Records for this task below:
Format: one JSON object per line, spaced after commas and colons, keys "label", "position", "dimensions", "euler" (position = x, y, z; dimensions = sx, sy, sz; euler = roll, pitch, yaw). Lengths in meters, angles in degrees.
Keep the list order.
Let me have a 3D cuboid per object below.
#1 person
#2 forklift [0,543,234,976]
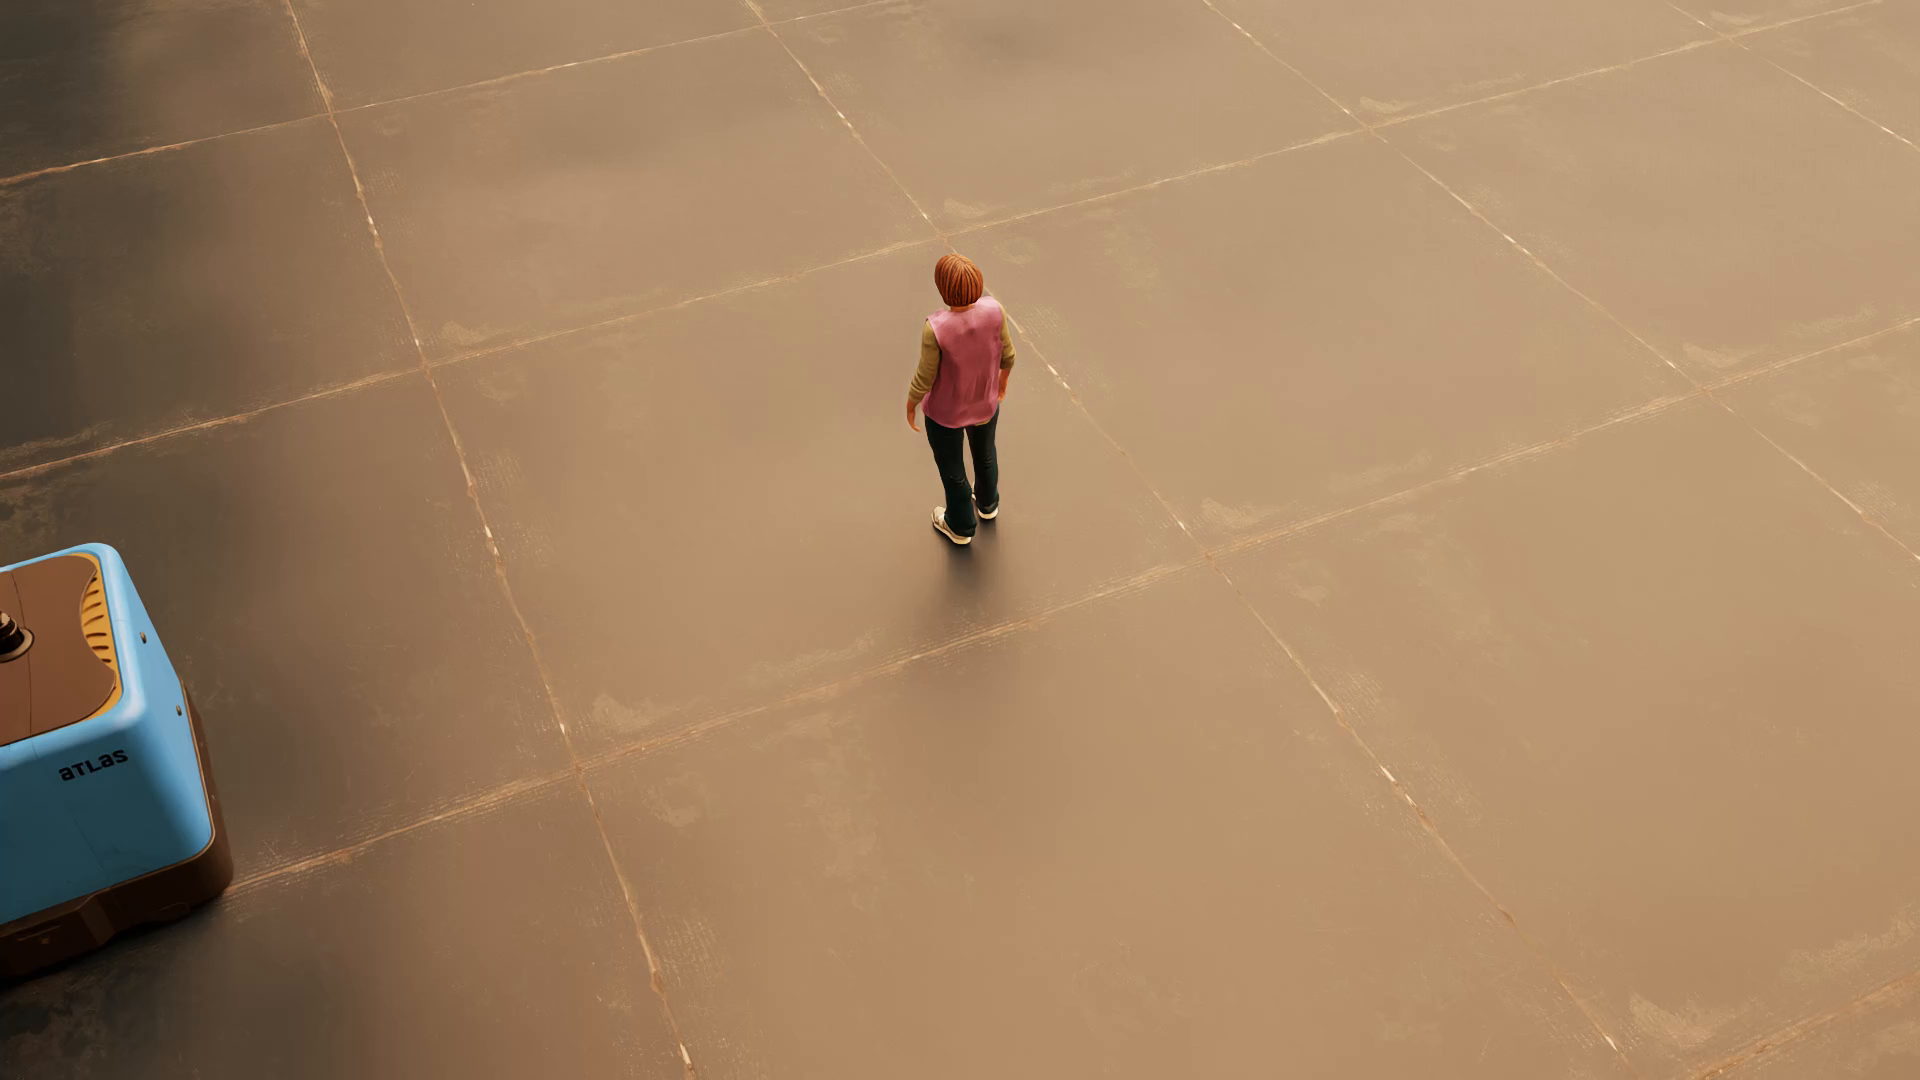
End of Records for this task.
Description of the task
From the first line to the last, return the records exactly and leave the pictures behind.

Your response
Format: one JSON object per line, spaced after commas and colons, keys "label", "position", "dimensions", "euler" (position = x, y, z; dimensions = sx, sy, sz; euler = roll, pitch, yaw). Lengths in meters, angles in degrees.
Keep the list order.
Let me have a 3D cuboid per object below.
#1 person
#2 forklift [0,543,234,976]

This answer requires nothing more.